Духота, июль, прелый воздух, всюду пахнет нагретой солнцем землей и скошенной травой, мы с бабушкой сидим на веранде, пережидая полуденный зной. И рядом, стучась в стекло, не замечая форточки, бьется муха. Такая обычная муха. Она видела сквозь это стекло свой мир ― мир подорожников, осоки, дубов, рябин, огуречных грядок ― и не могла туда выбраться. Сказать, что она желала нам зла? Нет, отнюдь. Просто оказалась не в том месте не в то время ― бабушка убила ее грязной тряпкой, той, которой протирала стол после обеда, муха размазалась по стеклу. И исчезла. И мне стало так больно. Почему надо убивать муху? Муха же не виновата, что родилась мухой?
А я виновата? Виновата ли я, что родилась твоей дочерью? Была ли я с тобой настоящей в письмах? Нет, не была ― хотела казаться. Да, сейчас ты будешь смеяться ― как часто ты слышал от меня слова, что надо быть, а не казаться. И я, и ты ― видимость.
Перечитать бы нашу переписку, можно кино снять или книжку написать. Грустную и жестокую ― а зрителю будет смешно. И я бы смеялась, не окажись я заложником твоей игры. Ты пытался помочь, дать уверенности или просто пытался узнать, как я на самом деле отношусь к вам с Летой? Теперь мне становится ясен твой интерес к моей семье. Ты мне ответь только на один вопрос: тебе не страшно стало, когда я в тебя влюбилась? Нет, я могу и сама ответить ― тебе стало страшно, и ты решил, что сможешь все исправить ― просчитаешь все мои ходы, найдешь мне юношу, расскажешь, как и на что ловить добычу ― я выйду замуж, и ты с чистой совестью сожжешь мои письма. Улыбнешься моим словам.
Ты знаешь, я даже могу представить себе текст письма, о котором ты так мечтал.

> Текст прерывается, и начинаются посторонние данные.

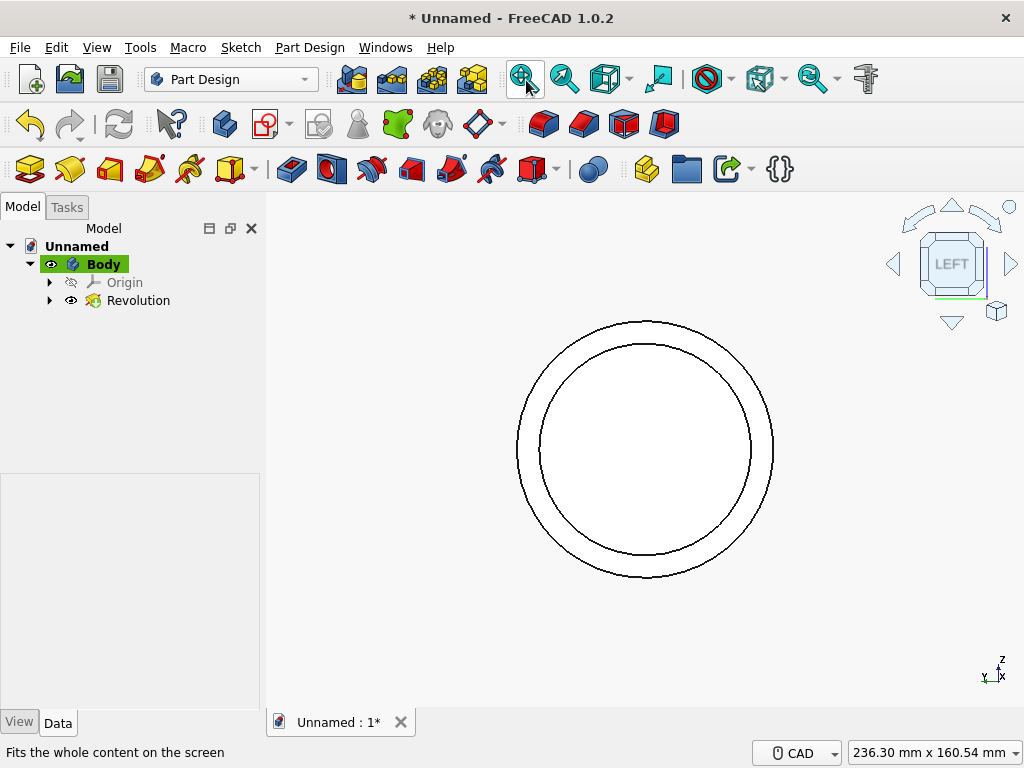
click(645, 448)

Оно начиналось бы с обращения «Уже не мой, но все такой же Сказочный», ты, со свойственной добродушной улыбкой, с поднятым правым уголком губ, налил бы себе чая с коньяком и апельсином, сел бы в кресло и начал бы слушать мои извинения про скоропостижный брак, про то, что не осмелилась рассказать тебе раньше. Дальше ты бы ждал благодарностей, я бы долго расписывала, что если б не ты со своими советами, как наладить мои взаимоотношения с Николаем, ничего не получилось бы. И ты с чувством выполненного отцовского долга лег бы спать, застрахованный от ночных кошмаров.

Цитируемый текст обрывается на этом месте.